The Stanford White issue was very much in the forefront that day, as Evelyn must have been keenly aware. At Café Martin, she took a seat that allowed her to survey the room while Harry could not, so that Harry didn’t notice when, in the middle of dinner, Stanford White passed through. Harry could tell from Evelyn’s face that something had happened, however, and when he asked what was wrong she wrote him a note: “That B—— is here.” By the time Harry turned around, Stanford was out of sight, but he began biting his nails, and Evelyn, anticipating one of his restaurant scenes, hurried them out.

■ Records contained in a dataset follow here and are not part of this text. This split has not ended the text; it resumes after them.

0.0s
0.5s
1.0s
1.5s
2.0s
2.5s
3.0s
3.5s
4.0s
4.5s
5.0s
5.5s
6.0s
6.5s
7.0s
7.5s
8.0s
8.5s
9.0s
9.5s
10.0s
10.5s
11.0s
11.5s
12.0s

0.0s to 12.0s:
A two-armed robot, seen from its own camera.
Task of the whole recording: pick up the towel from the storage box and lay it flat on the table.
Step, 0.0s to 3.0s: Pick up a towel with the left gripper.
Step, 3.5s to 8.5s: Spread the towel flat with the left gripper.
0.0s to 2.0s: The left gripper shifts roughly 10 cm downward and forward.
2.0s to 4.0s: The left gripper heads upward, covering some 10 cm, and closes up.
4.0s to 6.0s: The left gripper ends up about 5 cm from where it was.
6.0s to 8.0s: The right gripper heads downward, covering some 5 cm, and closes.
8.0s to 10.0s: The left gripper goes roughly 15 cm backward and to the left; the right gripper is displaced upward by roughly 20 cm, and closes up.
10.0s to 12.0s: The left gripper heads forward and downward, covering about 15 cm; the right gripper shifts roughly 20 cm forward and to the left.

At the Roof Garden, they were seated at a table in the back, and Evelyn observed Harry glancing in an ominous way at the tower that loomed over them. Then Harry left the table and wandered. There was a sound of gunfire. Many people in the theatre thought the gunfire was part of the show, but Evelyn, though she could not see anything of what had happened, said, “My God, he’s shot him.” Later, when Harry was in the custody of the police she kissed him frantically and repeatedly, saying, “My God, Harry, you killed him,” and, “Kiss me.”

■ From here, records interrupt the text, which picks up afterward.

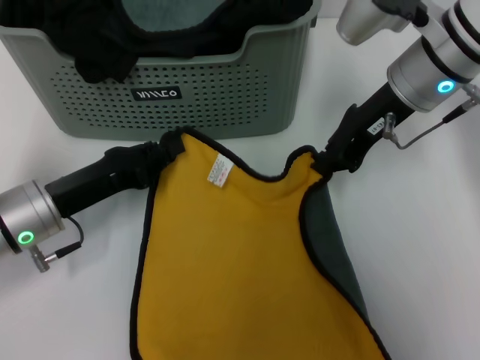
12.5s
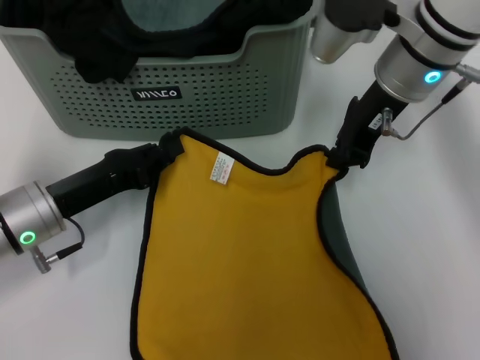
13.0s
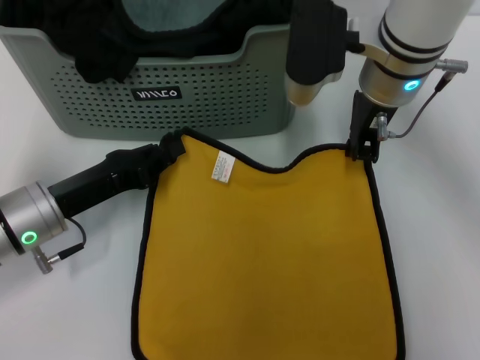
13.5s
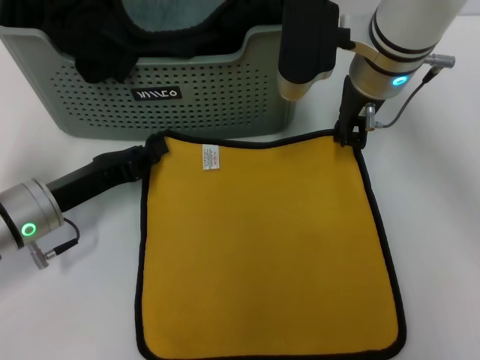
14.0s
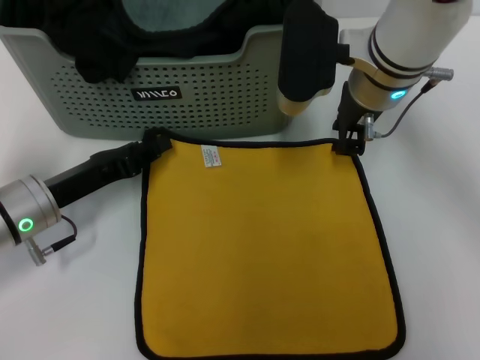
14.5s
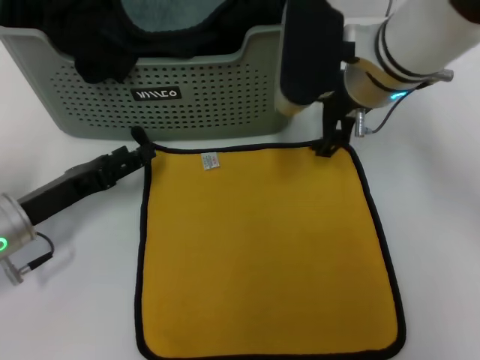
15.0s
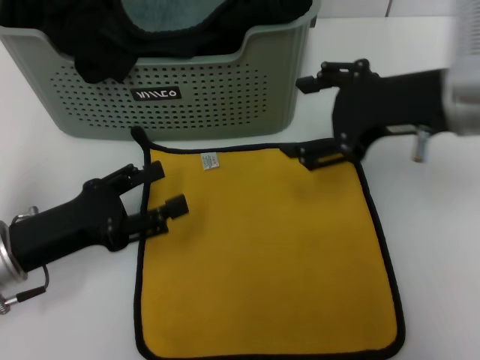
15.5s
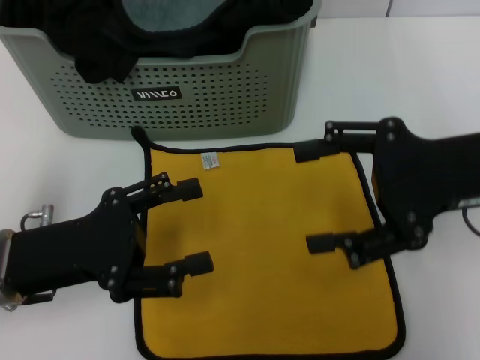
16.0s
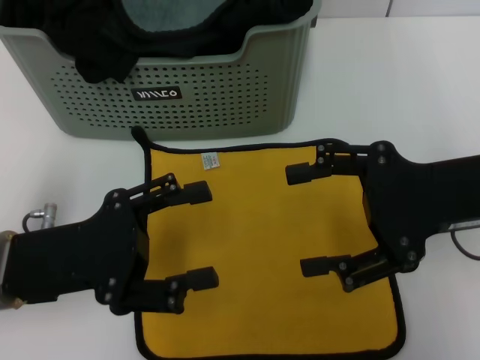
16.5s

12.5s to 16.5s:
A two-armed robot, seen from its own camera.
Task of the whole recording: pick up the towel from the storage box and lay it flat on the table.
Step, 12.5s to 14.5s: Spread the towel flat with the right gripper.
12.5s to 14.5s: The right gripper heads to the left, covering about 5 cm.
14.5s to 16.5s: The right gripper travels backward and to the right by approximately 20 cm, and opens; the left gripper travels backward and upward by roughly 10 cm, and opens up.

District Attorney William Travers Jerome wanted to bring an indictment for murder against Evelyn as well as against Harry. He refrained from doing so only because public sympathy for Evelyn had made it impossible. His grounds would have been that Evelyn knew Harry was unstable and in a murderous rage at Stanford, and knew furthermore that Harry was carrying a gun, yet fanned Harry’s hatred nevertheless, and had done so specifically and recklessly on the evening of the murder. Some of Evelyn’s friends—May Mackenzie, for example, who was at Evelyn’s side throughout the trial and had been worried enough to warn Stanford about Harry—also thought that Evelyn was at least as guilty as Harry. I’m inclined to agree with May and District Attorney Jerome. Evelyn was enslaved to Stanford, who had used her and then insouciantly moved on. A way to free herself was to kill him, using Harry K. Thaw as her weapon. With Stanford dead and Harry arrested for murder, she was rid of them both in one play.
When Evelyn left the stand after testifying for Harry, her legs could barely carry her. When, at the end of the second trial, Harry was declared not guilty by reason of insanity, her teeth started chattering uncontrollably.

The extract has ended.